5.6.2 Visualising the cluster means with ggplot()

p1 <- ggplot(sf_spatialcluster, aes(x=SP_CLUSTER, y=AGED)) + 
  geom_boxplot() + 
  coord_flip()
p2 <- ggplot(sf_spatialcluster, aes(x=SP_CLUSTER, y=HDB12RM)) + 
  geom_boxplot() + 
  coord_flip()
p3 <- ggplot(sf_spatialcluster, aes(x=SP_CLUSTER, y=HDB5RMEC)) + 
  geom_boxplot() + 
  coord_flip()
p4 <- ggplot(sf_spatialcluster, aes(x=SP_CLUSTER, y=CONDO)) + 
  geom_boxplot() + 
  coord_flip()
p5 <- ggplot(sf_spatialcluster, aes(x=SP_CLUSTER, y=LANDED)) + 
  geom_boxplot() + 
  coord_flip()
p6 <- ggplot(sf_spatialcluster, aes(x=SP_CLUSTER, y=POPDENSE)) + 
  geom_boxplot() + 
  coord_flip()
p7 <- ggplot(sf_spatialcluster, aes(x=SP_CLUSTER, y=OLDS_RATIO)) + 
  geom_boxplot() + 
  coord_flip()
p8 <- ggplot(sf_spatialcluster, aes(x=SP_CLUSTER, y=FINPER100)) + 
  geom_boxplot() + 
  coord_flip()
p9 <- ggplot(sf_spatialcluster, aes(x=SP_CLUSTER, y=GOVTPER100)) + 
  geom_boxplot() + 
  coord_flip()

ggarrange(p1,p2,p3,p4,p5,p6,p7,p8,p9,
          ncol = 3, nrow = 3)

5.6.3 SKATER Cluster results

Cluster 2

Cluster 2 (yellow, e.g.
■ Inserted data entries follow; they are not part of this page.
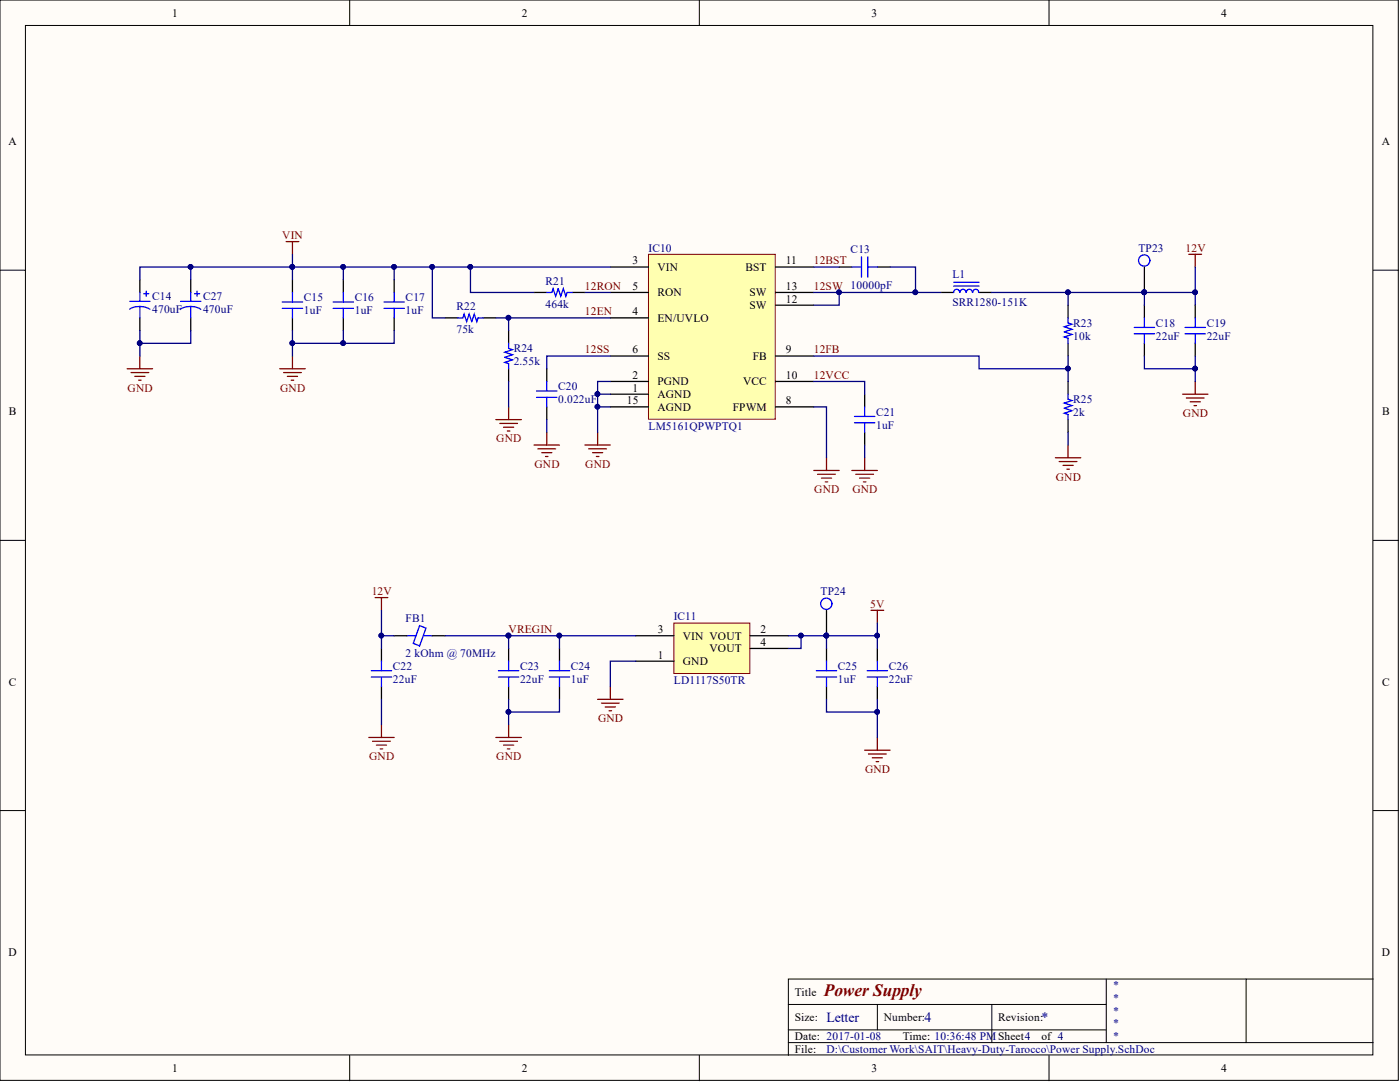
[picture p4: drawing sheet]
<svg xmlns="http://www.w3.org/2000/svg" width="279mm" height="216mm" viewBox="0 0 279 216" stroke-linecap="round" stroke-linejoin="round" font-family="sans-serif">
<defs><g id="words">
<text font-size="3.5" fill="#800000" x="164.4" y="198.7">Power Supply</text>
<g font-size="2.8" fill="#000080">
<text x="164.9" y="203.9">Letter</text>
<text x="184.5" y="203.9">4</text>
<text x="207.8" y="203.9">*</text>
</g>
<g font-size="2.3">
<text x="34.3" y="3.3">1</text>
<text x="104.1" y="3.3">2</text>
<text x="173.9" y="3.3">3</text>
<text x="243.7" y="3.3">4</text>
<text x="1.7" y="29">A</text>
<text x="275.8" y="29">A</text>
<text x="126.2" y="52.8">3</text>
<text x="156.8" y="52.8">11</text>
<text x="126.2" y="57.9">5</text>
<text x="131.2" y="54">VIN</text>
<text x="131.2" y="59.1">RON</text>
<text x="148.8" y="54">BST</text>
<text x="149.6" y="59.1">SW</text>
<text x="156.8" y="57.9">13</text>
<text x="126.2" y="62.9">4</text>
<text x="131.2" y="64.2">EN/UVLO</text>
<text x="149.6" y="61.7">SW</text>
<text x="156.8" y="60.4">12</text>
<text x="126.2" y="70.5">6</text>
<text x="131.2" y="71.8">SS</text>
<text x="150.2" y="71.8">FB</text>
<text x="156.8" y="70.5">9</text>
<text x="126.2" y="75.6">2</text>
<text x="131.2" y="76.9">PGND</text>
<text x="148.3" y="76.9">VCC</text>
<text x="156.8" y="75.6">10</text>
<text x="1.8" y="82.9">B</text>
<text x="125.1" y="80.7">15</text>
<text x="126.2" y="78.1">1</text>
<text x="131.2" y="79.4">AGND</text>
<text x="131.2" y="82">AGND</text>
<text x="146.3" y="82">FPWM</text>
<text x="156.8" y="80.7">8</text>
<text x="275.8" y="82.9">B</text>
<text x="131.3" y="131.4">1</text>
<text x="131.3" y="126.3">3</text>
<text x="136.3" y="127.6">VIN VOUT</text>
<text x="141.6" y="130.2">VOUT</text>
<text x="151.7" y="126.3">2</text>
<text x="151.7" y="128.9">4</text>
<text x="1.8" y="136.8">C</text>
<text x="136.3" y="132.7">GND</text>
<text x="275.8" y="136.8">C</text>
<text x="1.7" y="190.7">D</text>
<text x="275.8" y="190.7">D</text>
<text x="158.6" y="198.7">Title</text>
<text x="158.6" y="203.7">Size:</text>
<text x="176.4" y="203.7">Number:</text>
<text x="199.2" y="203.7">Revision:</text>
<text x="158.6" y="207.5">Date: 2017-01-08</text>
<text x="180.2" y="207.5">Time: 10:36:48 PMSheet4</text>
<text x="207.8" y="207.5">of 4</text>
<text x="34.3" y="213.9">1</text>
<text x="104.1" y="213.9">2</text>
<text x="158.6" y="210.1">File:</text>
<text x="173.9" y="213.9">3</text>
<text x="243.7" y="213.9">4</text>
</g>
<g font-size="2.3" fill="#800000">
<text x="56.3" y="47.7">VIN</text>
<text x="162.4" y="52.8">12BST</text>
<text x="236.6" y="50.2">12V</text>
<text x="116.7" y="57.9">12RON</text>
<text x="162.4" y="57.9">12SW 10000pF</text>
<text x="116.7" y="62.9">12EN</text>
<text x="116.7" y="70.5">12SS</text>
<text x="162.4" y="70.5">12FB</text>
<text x="162.4" y="75.6">12VCC</text>
<text x="25.5" y="78.1">GND</text>
<text x="55.9" y="78.1">GND</text>
<text x="236.1" y="83.2">GND</text>
<text x="99.1" y="88.3">GND</text>
<text x="106.7" y="93.4">GND</text>
<text x="116.8" y="93.4">GND</text>
<text x="210.7" y="95.9">GND</text>
<text x="162.5" y="98.4">GND</text>
<text x="170.1" y="98.4">GND</text>
<text x="74.2" y="118.7">12V</text>
<text x="173.7" y="121.3">5V</text>
<text x="101.5" y="126.3">VREGIN</text>
<text x="119.4" y="144.1">GND</text>
<text x="73.7" y="151.7">GND</text>
<text x="99.1" y="151.7">GND</text>
<text x="172.6" y="154.3">GND</text>
</g>
<g font-size="2.3" fill="#000080">
<text x="129.4" y="50.2">IC10</text>
<text x="169.8" y="50.5">C13</text>
<text x="227.2" y="50.3">TP23</text>
<text x="30.4" y="59.9">C14</text>
<text x="40.5" y="59.9">C27</text>
<text x="108.9" y="56.8">R21</text>
<text x="190.1" y="55.6">L1</text>
<text x="30.4" y="62.4">470uF</text>
<text x="40.5" y="62.4">470uF</text>
<text x="60.6" y="60.1">C15</text>
<text x="60.6" y="62.7">1uF</text>
<text x="70.8" y="60.1">C16</text>
<text x="70.8" y="62.7">1uF</text>
<text x="81" y="60.1">C17</text>
<text x="81" y="62.7">1uF</text>
<text x="91.1" y="61.9">R22</text>
<text x="108.9" y="61.4">464k</text>
<text x="190.1" y="61.1">SRR1280-151K</text>
<text x="214.2" y="65.2">R23</text>
<text x="230.7" y="65.2">C18</text>
<text x="240.8" y="65.2">C19</text>
<text x="91.1" y="66.5">75k</text>
<text x="102.5" y="70.3">R24</text>
<text x="214.2" y="67.7">10k</text>
<text x="230.7" y="67.7">22uF</text>
<text x="240.8" y="67.7">22uF</text>
<text x="102.5" y="72.8">2.55k</text>
<text x="111.4" y="77.9">C20</text>
<text x="111.4" y="80.4">0.022uF</text>
<text x="174.8" y="83">C21</text>
<text x="214.2" y="80.4">R25</text>
<text x="214.2" y="83">2k</text>
<text x="129.4" y="85.8">LM5161QPWPTQ1</text>
<text x="174.8" y="85.5">1uF</text>
<text x="163.8" y="118.8">TP24</text>
<text x="81" y="124.1">FB1</text>
<text x="134.5" y="123.8">IC11</text>
<text x="81" y="131.2">2 kOhm @ 70MHz</text>
<text x="78.4" y="133.7">C22</text>
<text x="78.4" y="136.2">22uF</text>
<text x="103.8" y="133.7">C23</text>
<text x="103.8" y="136.2">22uF</text>
<text x="113.9" y="133.7">C24</text>
<text x="113.9" y="136.2">1uF</text>
<text x="134.5" y="136.5">LD1117S50TR</text>
<text x="167.2" y="133.7">C25</text>
<text x="167.2" y="136.2">1uF</text>
<text x="177.4" y="133.7">C26</text>
<text x="177.4" y="136.2">22uF</text>
<text x="222" y="197.4">*</text>
<text x="222" y="199.9">*</text>
<text x="222" y="202.5">*</text>
<text x="222" y="205">*</text>
<text x="222" y="207.5">*</text>
<text x="164.9" y="210.1">D:\Customer Work\SAIT\Heavy-Duty-Tarocco\Power Supply.SchDoc</text>
</g>
</g></defs>
<g fill="#fffcf8" stroke="#000" stroke-width=".2">
<path d="M0 0h279.1v215.6h-279.1z"/>
<path d="M5.1 5.1h268.9v205.4h-268.9z"/>
</g>
<g fill="none" stroke="#000" stroke-width=".2">
<path d="M69.8 0v5.1M139.6 0v5.1M209.4 0v5.1M0 53.9h5.1M274.1 53.9h5M0 107.8h5.1M274.1 107.8h5M0 161.7h5.1M274.1 161.7h5M220.8 195.4v12.6M248.7 195.4h-91.4v15.2M274.1 195.4h-25.4v12.6"/>
<path d="M69.8 210.6v5.1M139.6 210.6v5.1M157.3 200.4h63.5M157.3 208h116.8M157.3 205.5h63.5M175.1 200.4v5.1M197.9 200.4v7.6M209.4 210.6v5.1"/>
</g>
<path d="M129.4 50.7h25.3v33h-25.3z" fill="#ffffb0" stroke="#800000" stroke-width=".2"/>
<g fill="none" stroke="#000" stroke-width=".25">
<path d="M58.4 55.8v2.6M68.5 55.8v2.6M78.7 55.8v2.6M106.6 58.4h2.5M114.2 58.4h2.5M121.8 53.3h7.6M121.8 58.4h7.6M154.8 53.3h7.6M154.8 58.4h7.6M167.5 53.3h2.5M175.1 53.3h2.5M187.8 58.4h2.5"/>
<path d="M195.4 58.4h2.5M58.4 63.4v2.6M68.5 63.4v2.6M78.7 63.4v2.6M88.8 63.4h2.6M96.4 63.4h2.6M101.5 66v2.5M101.5 73.6v2.5M109.1 73.6v2.5M121.8 78.7h7.6M121.8 76.1h7.6M121.8 63.4h7.6"/>
<path d="M121.8 71h7.6M154.8 76.1h7.6M154.8 71h7.6M154.8 60.9h7.6M172.6 78.7v2.5M213.2 60.9v2.5M213.2 68.5v2.5M213.2 76.1v2.6M228.4 60.9v2.5M228.4 68.5v2.5M238.5 60.9v2.5M238.5 68.5v2.5"/>
<path d="M109.1 81.2v2.5M121.8 81.2h7.6M154.8 81.2h7.6M172.6 86.3v2.5M213.2 83.7v2.6"/>
</g>
<g fill="none" stroke="#00f" stroke-width=".25">
<path d="M58.4 58.4v1.9M68.5 58.4v1.9M78.7 58.4v1.9M109.1 58.4h1l.3-.8 .5 1.5 .5-1.5 .5 1.5 .5-1.5 .5 1.5 .3-.7h1M170 53.3h1.9M171.9 51.3v4M173.2 53.3h1.9M173.2 51.3v4M190.3 57.1h5.1M190.3 56.3h5.1M191.5 58.4a.6 .6 0 0 0-.6-.7 .6 .6 0 0 0-.6 .7M192.8 58.4a.6 .6 0 0 0-.6-.7 .6 .6 0 0 0-.6 .7"/>
<path d="M194.1 58.4a.6 .6 0 0 0-.6-.7 .6 .6 0 0 0-.6 .7M195.3 58.4a.6 .6 0 0 0-.6-.7 .6 .6 0 0 0-.6 .7M56.3 60.3h4.1M56.3 61.5h4.1M58.4 61.5v1.9M66.5 60.3h4M66.5 61.5h4M68.5 61.5v1.9M76.6 60.3h4.1M76.6 61.5h4.1M78.7 61.5v1.9M91.4 63.4h1l.2-.7 .5 1.5 .5-1.5 .5 1.5 .6-1.5 .5 1.5 .2-.8h1"/>
<path d="M101.5 68.5v1l.8 .3-1.6 .5 1.6 .5-1.6 .5 1.6 .5-1.6 .5 .8 .3v1M107.1 78h4M107.1 79.3h4M109.1 76.1v1.9M109.1 79.3v1.9M213.2 63.4v1l.7 .3-1.5 .5 1.5 .5-1.5 .5 1.5 .5-1.5 .5 .8 .3v1M213.2 78.7v1l.7 .2-1.5 .5 1.5 .5-1.5 .5 1.5 .6-1.5 .5 .8 .2v1M226.4 65.3h4M226.4 66.6h4M228.4 63.4v1.9M228.4 66.6v1.9M236.5 65.3h4.1"/>
<path d="M236.5 66.6h4.1M238.5 63.4v1.9M238.5 66.6v1.9M170.5 83.1h4.1M170.5 84.4h4.1M172.6 81.2v1.9M172.6 84.4v1.9"/>
</g>
<g fill="none" stroke="#800000" stroke-width=".25">
<path d="M57.1 48.2h2.5M58.4 48.2v2.5M237.3 50.7h2.5M238.5 50.7v2.6M55.8 73.6h5.1M56.6 74.3h3.5M57.4 75.1h2M58.1 75.9h.5M58.4 71v2.6M236 78.7h5.1M236.8 79.4h3.5M238.5 76.1v2.6"/>
<path d="M99 83.7h5M99.7 84.5h3.6M100.5 85.3h2M101.3 86h.5M101.5 81.2v2.5M106.6 88.8h5.1M107.3 89.6h3.6M108.1 90.3h2M108.9 91.1h.5M109.1 86.3v2.5M116.7 88.8h5.1M117.5 89.6h3.5"/>
<path d="M118.3 90.3h2M119 91.1h.5M119.3 86.3v2.5M162.4 93.9h5.1M163.2 94.6h3.5M163.9 95.4h2.1M164.7 96.2h.5M164.9 91.3v2.6M170 93.9h5.1M170.8 94.6h3.5M171.5 95.4h2.1M172.3 96.2h.5"/>
<path d="M172.6 91.3v2.6M210.6 91.3h5.1M211.4 92.1h3.5M212.1 92.9h2.1M212.9 93.6h.5M213.2 88.8v2.5M237.5 80.2h2.1M238.3 80.9h.5"/>
</g>
<path d="M134.5 124.3h15.1v10.1h-15.1z" fill="#ffffb0" stroke="#800000" stroke-width=".2"/>
<g fill="none" stroke="#000" stroke-width=".25">
<path d="M27.9 55.8v2.6M38.1 55.8v2.6M228.4 53.3v5.1M27.9 63.4v2.6M38.1 63.4v2.6M76.1 129.4v2.5M76.1 137v2.5M78.7 126.9h2.5M86.3 126.9h2.5M101.5 129.4v2.5M101.5 137v2.5M111.7 129.4v2.5"/>
<path d="M111.7 137v2.5M126.9 131.9h7.6M126.9 126.9h7.6M149.7 126.9h7.6M149.7 129.4h7.6M164.9 121.8v5.1M164.9 129.4v2.5M164.9 137v2.5M175.1 129.4v2.5M175.1 137v2.5"/>
</g>
<g fill="none" stroke="#800000" stroke-width=".25">
<path d="M25.4 73.6h5.1M26.1 74.3h3.6M26.9 75.1h2M27.7 75.9h.5M27.9 71v2.6M74.9 119.2h2.5M76.1 119.2v2.6M119.3 139.5h5M121.8 137v2.5M173.8 121.8h2.6M175.1 121.8v2.5M73.6 147.2h5.1"/>
<path d="M74.4 147.9h3.5M75.1 148.7h2M75.9 149.4h.5M76.1 144.6v2.6M99 147.2h5M99.7 147.9h3.6M100.5 148.7h2M101.3 149.4h.5M101.5 144.6v2.6M120 140.3h3.6M120.8 141.1h2M121.6 141.8h.5"/>
<path d="M172.6 149.7h5M173.3 150.5h3.6M174.1 151.2h2M174.8 152h.5M175.1 147.2v2.5"/>
</g>
<g fill="none" stroke="#00f" stroke-width=".25">
<path d="M27.9 58.4v1.7M28.7 58.6h1M29.2 58.1v1M38.1 58.4v1.7M38.8 58.6h1M39.3 58.1v1M25.9 61.7a3.9 3.9 0 0 1 4 0M25.9 60.1h4M27.9 61.1v2.3M36 61.7a3.9 3.9 0 0 1 4.1 0M36 60.1h4.1M38.1 61.1v2.3"/>
<path d="M74.1 133.8h4.1M74.1 135.1h4.1M76.1 131.9v1.9M76.1 135.1v1.9M81.2 126.9h1.8M83.7 124.8l1.3 .5-1.3 3.6-1.2-.5zM84.5 126.9h1.8M99.5 133.8h4M99.5 135.1h4M101.5 131.9v1.9M101.5 135.1v1.9M109.6 133.8h4.1"/>
<path d="M109.6 135.1h4.1M111.7 131.9v1.9M111.7 135.1v1.9M162.9 133.8h4.1M162.9 135.1h4.1M164.9 131.9v1.9M164.9 135.1v1.9M173.1 133.8h4M173.1 135.1h4M175.1 131.9v1.9M175.1 135.1v1.9"/>
<circle cx="228.3" cy="52" r="1.13"/>
<circle cx="164.9" cy="120.5" r="1.13"/>
</g>
<g fill="#000080" stroke="#000080" stroke-width=".2">
<circle cx="101.5" cy="126.8" r=".47"/>
<circle cx="228.3" cy="58.3" r=".47"/>
<circle cx="164.9" cy="126.8" r=".47"/>
<circle cx="58.3" cy="53.2" r=".47"/>
<circle cx="68.5" cy="53.2" r=".47"/>
<circle cx="78.6" cy="53.2" r=".47"/>
<circle cx="93.9" cy="53.2" r=".47"/>
<circle cx="58.3" cy="68.5" r=".47"/>
<circle cx="68.5" cy="68.5" r=".47"/>
<circle cx="86.2" cy="53.2" r=".47"/>
<circle cx="101.5" cy="63.4" r=".47"/>
<circle cx="119.2" cy="81.2" r=".47"/>
<circle cx="119.2" cy="78.6" r=".47"/>
<circle cx="167.4" cy="58.3" r=".47"/>
<circle cx="182.7" cy="58.3" r=".47"/>
<circle cx="238.5" cy="73.5" r=".47"/>
<circle cx="213.1" cy="73.5" r=".47"/>
<circle cx="213.1" cy="58.3" r=".47"/>
<circle cx="238.5" cy="58.3" r=".47"/>
<circle cx="111.6" cy="126.8" r=".47"/>
<circle cx="101.5" cy="142" r=".47"/>
<circle cx="159.8" cy="126.8" r=".47"/>
<circle cx="175.1" cy="126.8" r=".47"/>
<circle cx="175.1" cy="142" r=".47"/>
<circle cx="38" cy="53.2" r=".47"/>
<circle cx="27.9" cy="68.5" r=".47"/>
<circle cx="76.1" cy="126.8" r=".47"/>
</g>
<g fill="none" stroke="#000080" stroke-width=".25">
<path d="M38.1 55.8v-2.5h30.4v2.5M38.1 53.3h-10.2v2.5M58.4 50.7v5.1M68.5 53.3h10.2v2.5M78.7 53.3h43.1M86.3 53.3v10.1h2.5M93.9 53.3v5.1h12.7M116.7 58.4h5.1M162.4 58.4h25.4M162.4 53.3h5.1M167.5 58.4v2.5h-5.1M177.6 53.3h5.1v5.1"/>
<path d="M197.9 58.4h40.6v2.5M213.2 58.4v2.5M228.4 58.4v2.5M238.5 53.3v5.1M27.9 66v5M38.1 66v2.5h-10.2M58.4 66v5M68.5 66v2.5h-10.1M78.7 66v2.5h-10.2M99 63.4h22.8M101.5 63.4v2.6M101.5 76.1v5.1"/>
<path d="M121.8 71h-12.7v2.6M121.8 78.7h-2.5v7.6M121.8 76.1h-2.5v2.6M162.4 76.1h10.2v2.6M162.4 71h33v2.6h17.8M213.2 71v5.1M228.4 71v2.6h10.1v2.5M238.5 71v2.6M109.1 83.7v2.6M119.3 81.2h2.5M162.4 81.2h2.5v10.1M172.6 88.8v2.5"/>
<path d="M213.2 86.3v2.5M76.1 121.8v5.1h2.6M76.1 126.9v2.5M76.1 139.5v5.1M88.8 126.9h12.7M101.5 139.5v5.1M111.7 126.9h-10.2v2.5M111.7 139.5v2.6h-10.2M126.9 126.9h-15.2v2.5M126.9 131.9h-5.1v5.1M157.3 126.9h7.6v2.5M159.9 126.9v2.5h-2.6"/>
<path d="M164.9 126.9h10.2v2.5M164.9 139.5v2.6h10.2v-2.6M175.1 124.3v2.6M175.1 142.1v5.1"/>
</g>
<use href="#words"/>
</svg>

Frankel, Simei) seems to be a mixed of rich and poor neighbourhoods with a mid-number of HDB 1-2 Room Flats, but high number of landed and condominium properties. Since population density is somewhat high and the number of financial services per 100 people is low, more can be done in this area to serve the people. Since FINPER100 is highly correlated with BIZPER100, there is potential to turn this cluster into a work-play-live area in line with the Government’s aim of decentralizing office spaces.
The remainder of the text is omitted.